Problem details
Please retype the records below exactly, omitting any images.

Record excerpts
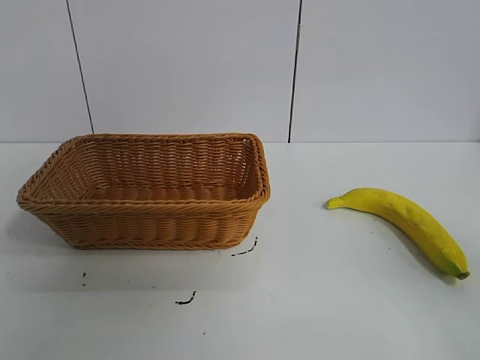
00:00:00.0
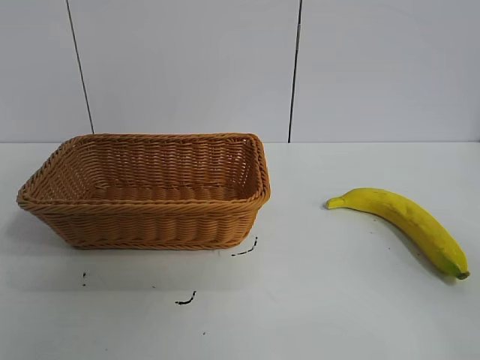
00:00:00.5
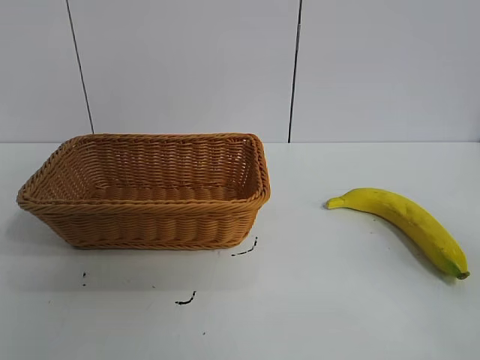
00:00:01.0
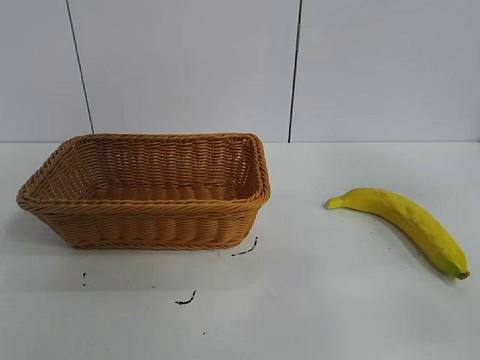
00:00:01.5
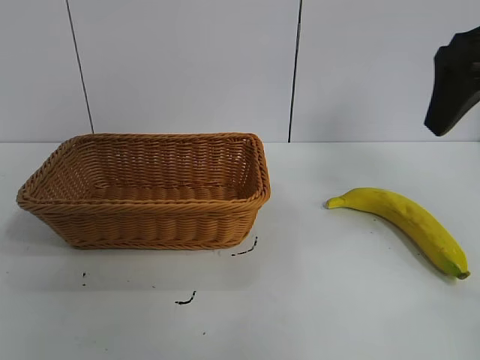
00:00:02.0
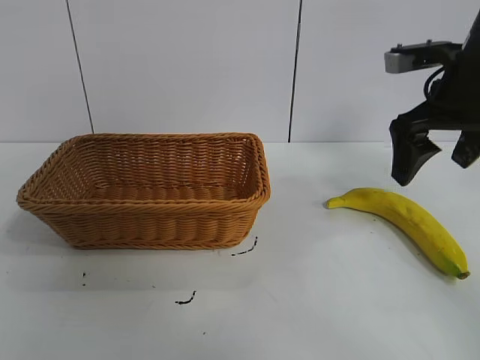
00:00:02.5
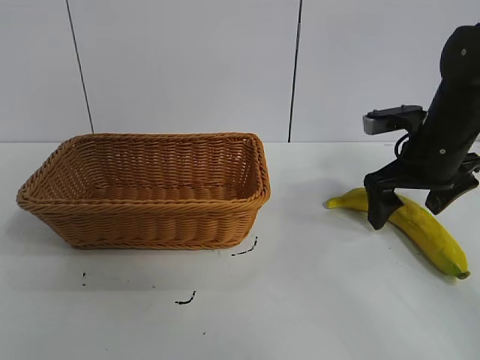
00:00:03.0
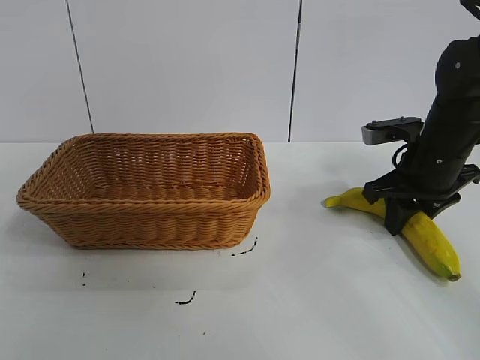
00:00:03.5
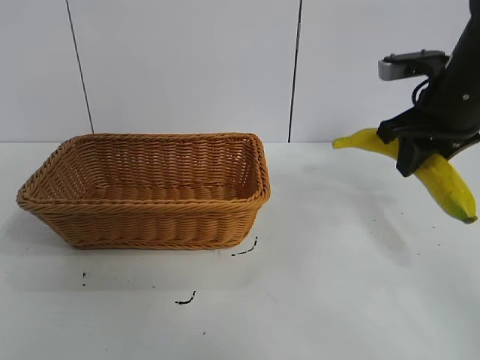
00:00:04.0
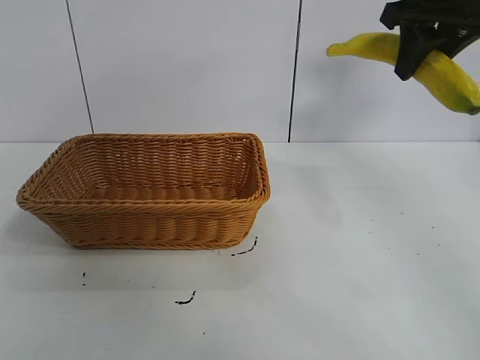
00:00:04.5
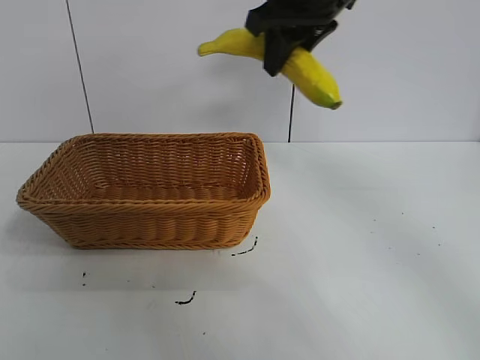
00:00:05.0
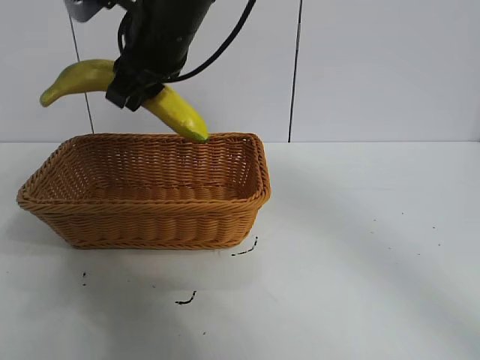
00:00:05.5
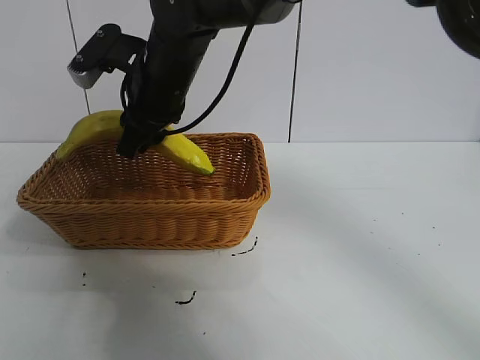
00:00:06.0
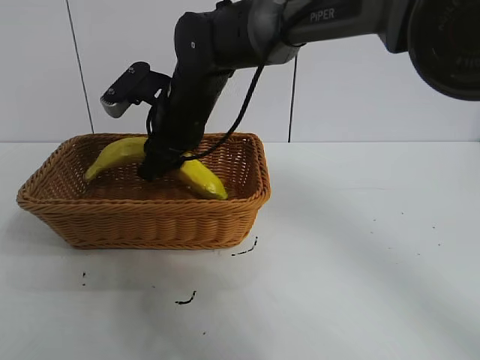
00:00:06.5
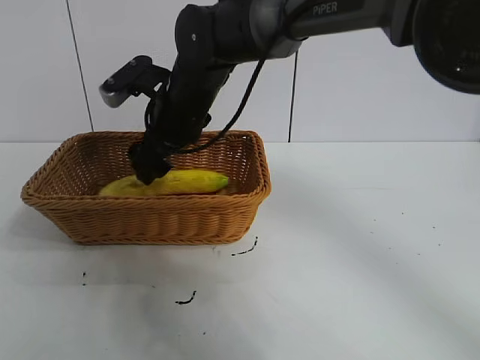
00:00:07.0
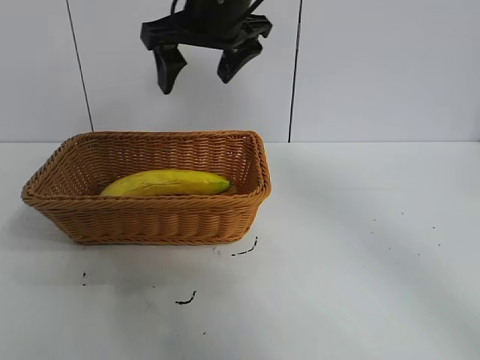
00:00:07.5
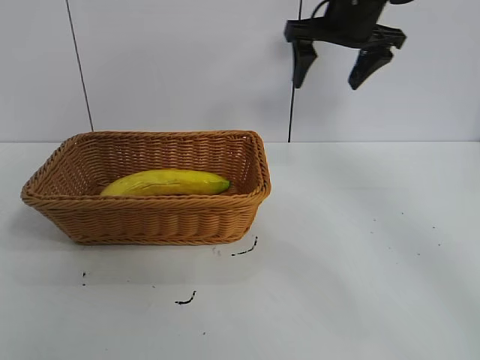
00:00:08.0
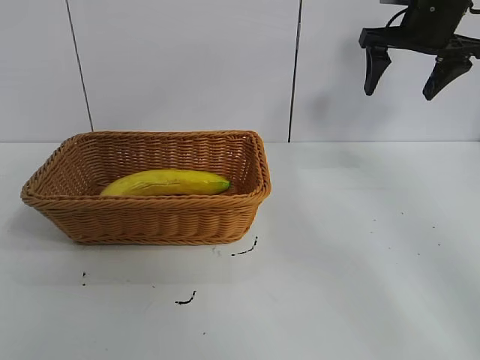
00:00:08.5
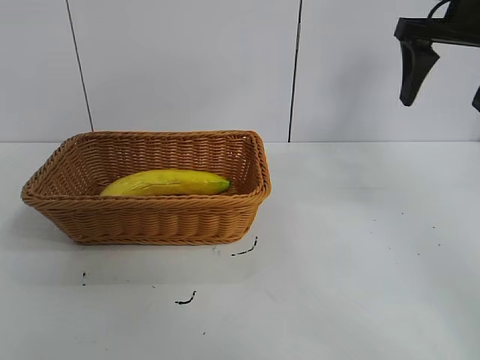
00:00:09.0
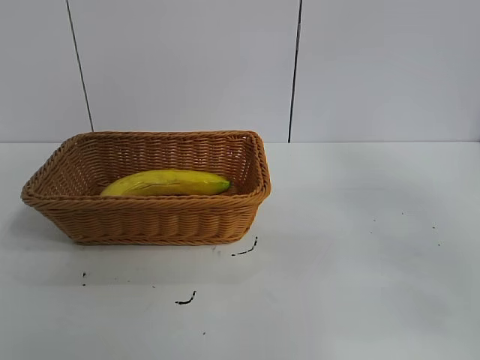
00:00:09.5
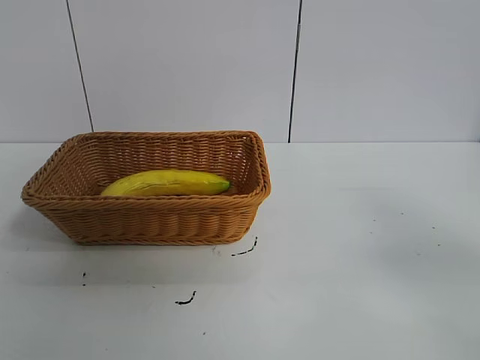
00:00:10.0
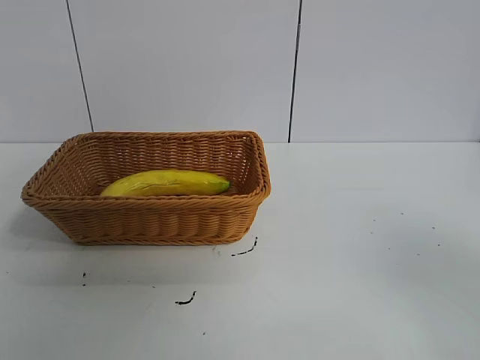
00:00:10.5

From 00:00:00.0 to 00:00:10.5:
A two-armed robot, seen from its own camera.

Your solution
00:00:00.0
00:00:00.5
00:00:01.0
00:00:01.5
00:00:02.0
00:00:02.5
00:00:03.0
00:00:03.5
00:00:04.0
00:00:04.5
00:00:05.0
00:00:05.5
00:00:06.0
00:00:06.5
00:00:07.0
00:00:07.5
00:00:08.0
00:00:08.5
00:00:09.0
00:00:09.5
00:00:10.0
00:00:10.5

From 00:00:00.0 to 00:00:10.5:
A two-armed robot, seen from its own camera.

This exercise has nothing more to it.